Some time ago I wrote about Lee Ann Sporn, a scientist and artist, whose powers of observation and interpretation remind me of the great Swedish botanist Carl Linnaeus. I included an image of one of Lee Ann's botanical watercolors, a study of springtime trillia.

How artists can change and grow! Reproduced above is one of Lee Ann's recent works!

One obvious difference is a change in media: Lee Ann adventurously broke away from watercolor and began working in acrylic. However, acrylic is enough like watercolor that, had she chosen, she could have continued in the precise, carefully observed style of her earlier pieces.

Instead, look at what she has been doing! Without sacrificing a strong sense of realism, her work is now much more emotional, more expressive. The sweeping strokes of color, the dynamic energy, the freedom of line - these remind me much more of the Group of Seven than of any scientific illustration!

Although this is but a copy of a photo of a painting, you can still see how Lee Ann has layered her colors - in the lower left side, the grain of the canvas is yet visible, revealing the burnt sienna undercoat.
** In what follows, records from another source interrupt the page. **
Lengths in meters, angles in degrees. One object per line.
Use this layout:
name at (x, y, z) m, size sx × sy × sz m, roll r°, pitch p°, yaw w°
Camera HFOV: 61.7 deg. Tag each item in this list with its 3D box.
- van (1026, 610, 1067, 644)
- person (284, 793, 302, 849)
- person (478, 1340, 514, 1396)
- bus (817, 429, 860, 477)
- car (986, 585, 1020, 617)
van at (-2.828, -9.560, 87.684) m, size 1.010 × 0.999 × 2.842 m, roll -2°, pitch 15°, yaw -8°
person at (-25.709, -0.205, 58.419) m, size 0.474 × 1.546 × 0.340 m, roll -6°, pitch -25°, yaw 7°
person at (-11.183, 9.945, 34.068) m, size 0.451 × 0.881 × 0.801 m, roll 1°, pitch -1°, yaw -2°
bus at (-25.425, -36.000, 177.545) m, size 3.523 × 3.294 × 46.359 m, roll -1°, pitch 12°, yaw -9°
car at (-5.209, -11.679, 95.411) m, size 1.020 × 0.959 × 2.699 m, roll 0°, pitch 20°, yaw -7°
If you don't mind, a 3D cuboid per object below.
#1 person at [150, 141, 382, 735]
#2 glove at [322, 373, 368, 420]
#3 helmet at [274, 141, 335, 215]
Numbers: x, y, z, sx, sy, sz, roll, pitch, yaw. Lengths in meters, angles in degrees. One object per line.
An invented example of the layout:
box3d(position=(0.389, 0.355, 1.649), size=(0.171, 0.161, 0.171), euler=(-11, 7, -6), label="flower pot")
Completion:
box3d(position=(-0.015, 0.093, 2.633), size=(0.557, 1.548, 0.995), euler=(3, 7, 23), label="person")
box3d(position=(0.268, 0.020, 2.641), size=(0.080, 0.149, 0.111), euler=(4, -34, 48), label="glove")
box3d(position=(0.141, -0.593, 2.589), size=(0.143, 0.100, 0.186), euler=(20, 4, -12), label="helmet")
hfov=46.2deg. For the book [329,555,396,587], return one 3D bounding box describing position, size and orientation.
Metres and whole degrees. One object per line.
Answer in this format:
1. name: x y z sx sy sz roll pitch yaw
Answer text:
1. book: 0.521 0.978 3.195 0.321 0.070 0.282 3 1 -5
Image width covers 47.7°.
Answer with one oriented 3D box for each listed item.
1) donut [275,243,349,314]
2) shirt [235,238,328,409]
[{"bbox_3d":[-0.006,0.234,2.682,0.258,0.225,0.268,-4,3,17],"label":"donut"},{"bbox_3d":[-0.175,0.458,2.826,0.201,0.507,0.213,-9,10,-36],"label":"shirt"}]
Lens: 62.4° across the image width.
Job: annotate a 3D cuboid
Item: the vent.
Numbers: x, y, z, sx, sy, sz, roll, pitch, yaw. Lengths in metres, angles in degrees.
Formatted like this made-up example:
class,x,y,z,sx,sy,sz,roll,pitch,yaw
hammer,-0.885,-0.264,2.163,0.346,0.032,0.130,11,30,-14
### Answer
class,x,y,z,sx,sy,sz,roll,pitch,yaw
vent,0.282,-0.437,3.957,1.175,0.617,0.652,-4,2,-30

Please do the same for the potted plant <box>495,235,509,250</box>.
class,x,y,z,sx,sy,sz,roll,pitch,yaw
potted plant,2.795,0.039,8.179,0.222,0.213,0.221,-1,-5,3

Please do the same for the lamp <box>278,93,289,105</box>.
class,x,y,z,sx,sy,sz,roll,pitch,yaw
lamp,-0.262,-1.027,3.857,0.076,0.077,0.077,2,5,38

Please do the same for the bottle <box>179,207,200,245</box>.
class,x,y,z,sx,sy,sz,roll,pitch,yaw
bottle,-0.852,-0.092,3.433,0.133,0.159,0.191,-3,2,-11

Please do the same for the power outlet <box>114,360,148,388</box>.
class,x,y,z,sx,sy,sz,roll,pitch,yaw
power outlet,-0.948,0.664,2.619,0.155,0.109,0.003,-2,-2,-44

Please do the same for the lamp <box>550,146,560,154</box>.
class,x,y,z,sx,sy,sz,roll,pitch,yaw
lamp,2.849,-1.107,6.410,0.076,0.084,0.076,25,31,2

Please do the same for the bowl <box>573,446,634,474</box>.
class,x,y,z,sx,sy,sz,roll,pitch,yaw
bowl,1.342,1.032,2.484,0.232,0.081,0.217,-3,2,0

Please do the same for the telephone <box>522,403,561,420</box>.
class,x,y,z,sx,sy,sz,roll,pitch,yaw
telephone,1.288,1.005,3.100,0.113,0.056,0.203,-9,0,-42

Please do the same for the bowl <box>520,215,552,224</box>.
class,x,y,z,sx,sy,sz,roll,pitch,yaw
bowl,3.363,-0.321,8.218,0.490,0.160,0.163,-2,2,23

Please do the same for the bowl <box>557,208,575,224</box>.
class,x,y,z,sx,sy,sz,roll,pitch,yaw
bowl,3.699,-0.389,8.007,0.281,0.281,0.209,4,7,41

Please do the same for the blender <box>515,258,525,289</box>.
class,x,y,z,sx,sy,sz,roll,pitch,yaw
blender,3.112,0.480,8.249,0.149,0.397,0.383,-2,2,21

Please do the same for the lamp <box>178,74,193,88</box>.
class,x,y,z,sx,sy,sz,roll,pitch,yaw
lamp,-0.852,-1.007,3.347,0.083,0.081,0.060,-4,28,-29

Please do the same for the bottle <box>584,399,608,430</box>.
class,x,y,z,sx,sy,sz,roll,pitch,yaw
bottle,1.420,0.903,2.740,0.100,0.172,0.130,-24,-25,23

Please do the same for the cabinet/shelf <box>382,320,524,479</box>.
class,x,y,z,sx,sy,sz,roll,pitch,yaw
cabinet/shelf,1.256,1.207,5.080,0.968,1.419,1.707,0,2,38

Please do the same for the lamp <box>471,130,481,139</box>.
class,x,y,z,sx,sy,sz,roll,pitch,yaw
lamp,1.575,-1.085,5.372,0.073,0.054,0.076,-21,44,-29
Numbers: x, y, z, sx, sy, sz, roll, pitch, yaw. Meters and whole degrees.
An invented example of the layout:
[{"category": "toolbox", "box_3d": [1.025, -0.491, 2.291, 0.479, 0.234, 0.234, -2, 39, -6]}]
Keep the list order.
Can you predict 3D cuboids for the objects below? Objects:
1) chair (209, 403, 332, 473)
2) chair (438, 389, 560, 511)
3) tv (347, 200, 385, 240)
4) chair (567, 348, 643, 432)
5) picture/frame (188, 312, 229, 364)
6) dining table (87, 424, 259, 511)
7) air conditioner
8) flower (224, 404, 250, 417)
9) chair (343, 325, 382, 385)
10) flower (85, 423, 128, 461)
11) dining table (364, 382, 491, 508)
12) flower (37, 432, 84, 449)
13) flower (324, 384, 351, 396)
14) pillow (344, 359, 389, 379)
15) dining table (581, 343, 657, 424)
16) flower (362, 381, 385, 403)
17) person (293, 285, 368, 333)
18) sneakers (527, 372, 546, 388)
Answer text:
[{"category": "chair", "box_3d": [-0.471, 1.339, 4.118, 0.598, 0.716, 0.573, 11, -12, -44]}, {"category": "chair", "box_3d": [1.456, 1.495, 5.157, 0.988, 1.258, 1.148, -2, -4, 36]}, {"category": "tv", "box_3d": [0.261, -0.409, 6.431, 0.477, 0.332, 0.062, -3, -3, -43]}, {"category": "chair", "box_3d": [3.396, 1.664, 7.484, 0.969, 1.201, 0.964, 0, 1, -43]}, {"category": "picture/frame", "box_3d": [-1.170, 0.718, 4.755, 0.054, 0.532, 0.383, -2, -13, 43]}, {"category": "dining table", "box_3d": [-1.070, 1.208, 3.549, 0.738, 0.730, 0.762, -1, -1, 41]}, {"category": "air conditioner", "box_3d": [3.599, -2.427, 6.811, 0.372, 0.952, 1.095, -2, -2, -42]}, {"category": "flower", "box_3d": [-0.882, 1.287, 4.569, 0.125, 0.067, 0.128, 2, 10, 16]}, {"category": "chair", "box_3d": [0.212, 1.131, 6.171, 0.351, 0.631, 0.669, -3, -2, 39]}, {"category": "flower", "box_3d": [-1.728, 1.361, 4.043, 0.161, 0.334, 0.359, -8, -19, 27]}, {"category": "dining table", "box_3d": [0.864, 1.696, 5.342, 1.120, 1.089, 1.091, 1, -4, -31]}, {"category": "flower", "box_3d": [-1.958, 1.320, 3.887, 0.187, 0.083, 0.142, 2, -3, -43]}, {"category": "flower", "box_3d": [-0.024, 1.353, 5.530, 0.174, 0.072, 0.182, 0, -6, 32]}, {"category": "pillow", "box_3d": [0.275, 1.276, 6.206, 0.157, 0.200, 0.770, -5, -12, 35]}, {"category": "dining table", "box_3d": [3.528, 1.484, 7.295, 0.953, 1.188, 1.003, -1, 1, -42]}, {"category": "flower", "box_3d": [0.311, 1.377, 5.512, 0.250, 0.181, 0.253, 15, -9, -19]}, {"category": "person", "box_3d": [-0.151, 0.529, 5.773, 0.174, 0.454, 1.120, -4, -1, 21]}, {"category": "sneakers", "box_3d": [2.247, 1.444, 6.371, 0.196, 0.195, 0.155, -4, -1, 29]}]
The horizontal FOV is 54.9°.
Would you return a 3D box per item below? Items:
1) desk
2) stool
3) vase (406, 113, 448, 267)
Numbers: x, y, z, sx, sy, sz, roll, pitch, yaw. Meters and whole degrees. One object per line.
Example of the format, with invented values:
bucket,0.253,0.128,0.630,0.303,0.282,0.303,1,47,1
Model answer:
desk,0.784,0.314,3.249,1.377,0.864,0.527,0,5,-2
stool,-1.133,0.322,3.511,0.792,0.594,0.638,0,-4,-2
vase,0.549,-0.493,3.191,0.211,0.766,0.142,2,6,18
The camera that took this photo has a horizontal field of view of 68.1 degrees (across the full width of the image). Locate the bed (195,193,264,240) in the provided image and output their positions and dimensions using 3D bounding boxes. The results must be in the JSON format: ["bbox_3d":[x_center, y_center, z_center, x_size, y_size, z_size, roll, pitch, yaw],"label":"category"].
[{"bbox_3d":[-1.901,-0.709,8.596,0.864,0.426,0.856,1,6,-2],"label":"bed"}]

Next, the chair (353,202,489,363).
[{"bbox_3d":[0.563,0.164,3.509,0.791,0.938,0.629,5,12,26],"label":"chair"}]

This is a technique for imparting warmth and depth to a painting, espoused by the multi-media artist and teacher Meg Bernstein. In fact, Lee Ann just spent a semester in Meg's Acrylic Painting Class at Paul Smiths College (where Lee Ann herself teaches science).

To paraphrase, with suitable apologies to Shakespeare: "What a piece of work is a human! How noble in reason - how infinite in faculty!"

For just as the infant synthesizes perception into thought and language, so as adults can we learn new forms of expression. Lee Ann's latest work is every bit as expressive as her earlier pieces - but she is learning, and using, a whole new language!